Data are a critical scientific resource, integral to the scientific process. Technological improvements have increased the precision of our measurements as well as our ability to generate and store data – but has this improved our science? Dr Sippy’s epidemiologic research focuses on the drivers and determinants of infectious disease seasonality and dynamics, primarily focusing on dengue fever and other mosquito-borne arboviruses. This work uses a combination of phylogenetic analyses and statistical modelling. Additional work on this topic has examined the role of climate and the environment at different scales, including microclimates and household-level built environments. She is also interested in the use of machine learning for prediction models of clinical outcomes among patients with dengue or environmental exposures impacting mosquito abundance. Within the context of complex environmental factors and vector-borne disease, methods of variable measurement must be carefully considered, as a relationship between variables may only reveal itself at particular scales.
Dr Sippy is also interested in the practical implications of epidemiological research, having conducted fieldwork in Ecuador. These projects included a series of trials to examine potential household interventions to reduce mosquito populations, surveillance of acute febrile illness, monitoring seasonal mosquito and tick population levels, climate and environmental monitoring, and clinical trials of chikungunya vaccine.
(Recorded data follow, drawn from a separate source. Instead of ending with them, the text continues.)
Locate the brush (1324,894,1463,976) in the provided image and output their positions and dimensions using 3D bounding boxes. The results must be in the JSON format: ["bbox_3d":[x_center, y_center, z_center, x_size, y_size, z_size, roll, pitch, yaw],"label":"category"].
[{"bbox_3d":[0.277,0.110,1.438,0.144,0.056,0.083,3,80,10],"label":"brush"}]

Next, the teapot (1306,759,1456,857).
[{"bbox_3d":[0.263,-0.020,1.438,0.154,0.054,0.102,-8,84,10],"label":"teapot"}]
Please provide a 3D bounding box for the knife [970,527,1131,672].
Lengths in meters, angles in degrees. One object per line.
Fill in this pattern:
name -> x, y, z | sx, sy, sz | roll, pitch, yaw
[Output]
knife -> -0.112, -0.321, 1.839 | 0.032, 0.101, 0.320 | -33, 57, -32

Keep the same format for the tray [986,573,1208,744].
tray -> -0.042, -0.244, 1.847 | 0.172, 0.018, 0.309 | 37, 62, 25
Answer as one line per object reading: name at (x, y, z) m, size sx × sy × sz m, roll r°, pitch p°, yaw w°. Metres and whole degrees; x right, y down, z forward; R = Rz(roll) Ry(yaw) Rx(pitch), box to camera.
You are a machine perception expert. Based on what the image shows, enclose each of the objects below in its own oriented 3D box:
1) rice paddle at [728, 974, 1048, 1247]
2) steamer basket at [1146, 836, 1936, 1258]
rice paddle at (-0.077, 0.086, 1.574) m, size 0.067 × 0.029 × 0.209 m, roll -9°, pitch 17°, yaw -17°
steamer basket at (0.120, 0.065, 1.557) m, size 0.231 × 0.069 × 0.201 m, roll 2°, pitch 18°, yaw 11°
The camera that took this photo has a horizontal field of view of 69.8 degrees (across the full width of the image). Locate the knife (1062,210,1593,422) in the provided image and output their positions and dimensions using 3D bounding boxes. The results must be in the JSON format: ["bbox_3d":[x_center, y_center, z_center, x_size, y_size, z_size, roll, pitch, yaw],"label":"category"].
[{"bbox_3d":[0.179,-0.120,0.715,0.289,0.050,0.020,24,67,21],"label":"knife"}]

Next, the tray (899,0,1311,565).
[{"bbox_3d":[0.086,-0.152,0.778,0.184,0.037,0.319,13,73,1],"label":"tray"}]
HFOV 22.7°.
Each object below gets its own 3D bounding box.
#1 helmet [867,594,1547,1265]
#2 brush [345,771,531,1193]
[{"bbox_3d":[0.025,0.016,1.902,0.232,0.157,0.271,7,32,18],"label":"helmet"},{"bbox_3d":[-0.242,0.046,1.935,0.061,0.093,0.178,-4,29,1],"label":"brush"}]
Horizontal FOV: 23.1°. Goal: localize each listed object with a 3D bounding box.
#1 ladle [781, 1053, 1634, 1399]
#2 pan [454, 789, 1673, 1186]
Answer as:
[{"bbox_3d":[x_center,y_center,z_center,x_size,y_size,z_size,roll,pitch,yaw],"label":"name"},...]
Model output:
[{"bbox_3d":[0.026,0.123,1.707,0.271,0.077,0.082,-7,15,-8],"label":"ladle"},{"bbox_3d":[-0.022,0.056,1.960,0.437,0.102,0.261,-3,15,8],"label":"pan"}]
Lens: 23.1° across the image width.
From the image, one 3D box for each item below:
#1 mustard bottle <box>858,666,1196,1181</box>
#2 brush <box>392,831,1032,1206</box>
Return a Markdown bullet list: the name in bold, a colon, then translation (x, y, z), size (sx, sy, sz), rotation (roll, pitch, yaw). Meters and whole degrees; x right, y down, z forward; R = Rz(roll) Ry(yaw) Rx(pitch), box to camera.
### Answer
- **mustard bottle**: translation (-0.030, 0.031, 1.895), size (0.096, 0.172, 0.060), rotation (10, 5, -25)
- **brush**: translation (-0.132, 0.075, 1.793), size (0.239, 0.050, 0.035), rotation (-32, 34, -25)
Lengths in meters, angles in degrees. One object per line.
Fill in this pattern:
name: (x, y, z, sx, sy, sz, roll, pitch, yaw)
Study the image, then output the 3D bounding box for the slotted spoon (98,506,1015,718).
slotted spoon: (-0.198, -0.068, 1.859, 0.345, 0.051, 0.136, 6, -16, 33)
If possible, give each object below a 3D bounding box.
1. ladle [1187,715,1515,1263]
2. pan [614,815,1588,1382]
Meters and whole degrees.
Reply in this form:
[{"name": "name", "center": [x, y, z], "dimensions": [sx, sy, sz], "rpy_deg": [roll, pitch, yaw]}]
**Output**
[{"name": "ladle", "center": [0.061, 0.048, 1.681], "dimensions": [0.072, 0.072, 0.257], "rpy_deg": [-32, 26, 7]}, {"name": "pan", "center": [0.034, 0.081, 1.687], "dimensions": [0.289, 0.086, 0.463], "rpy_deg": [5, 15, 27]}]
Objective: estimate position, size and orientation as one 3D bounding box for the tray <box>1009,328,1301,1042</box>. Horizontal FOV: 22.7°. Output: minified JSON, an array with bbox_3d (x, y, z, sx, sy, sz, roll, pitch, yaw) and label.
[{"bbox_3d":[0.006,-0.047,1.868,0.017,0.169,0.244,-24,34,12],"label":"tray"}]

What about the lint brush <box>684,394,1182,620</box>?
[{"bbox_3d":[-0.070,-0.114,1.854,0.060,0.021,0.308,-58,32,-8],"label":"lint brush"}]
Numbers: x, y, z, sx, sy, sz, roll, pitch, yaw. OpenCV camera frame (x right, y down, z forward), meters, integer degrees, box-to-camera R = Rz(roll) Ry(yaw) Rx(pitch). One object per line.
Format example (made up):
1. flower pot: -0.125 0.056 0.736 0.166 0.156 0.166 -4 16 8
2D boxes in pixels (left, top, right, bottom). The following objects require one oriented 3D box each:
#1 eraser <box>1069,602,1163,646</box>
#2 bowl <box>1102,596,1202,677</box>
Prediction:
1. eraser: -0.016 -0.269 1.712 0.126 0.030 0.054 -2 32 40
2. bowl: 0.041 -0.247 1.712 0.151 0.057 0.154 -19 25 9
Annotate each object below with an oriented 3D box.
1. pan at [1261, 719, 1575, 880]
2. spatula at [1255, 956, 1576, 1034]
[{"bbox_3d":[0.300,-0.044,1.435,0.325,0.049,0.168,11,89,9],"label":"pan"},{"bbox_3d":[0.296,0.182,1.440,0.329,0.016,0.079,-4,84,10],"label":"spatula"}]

Dr Sippy advocates for improvements in the teaching of and communication regarding epidemiology, data, and statistics, both in formal classrooms and to the general public. Examples include public outreach events on the life stages of important disease vectors and creating clinical guidelines for tick-borne illnesses in Ecuador, as well as courses/workshops on computing for epidemiology/statistics, statistical modelling, machine learning, data management, and data visualization. She also serves as co-chair of the Communications Committee of the Society for Epidemiologic Research.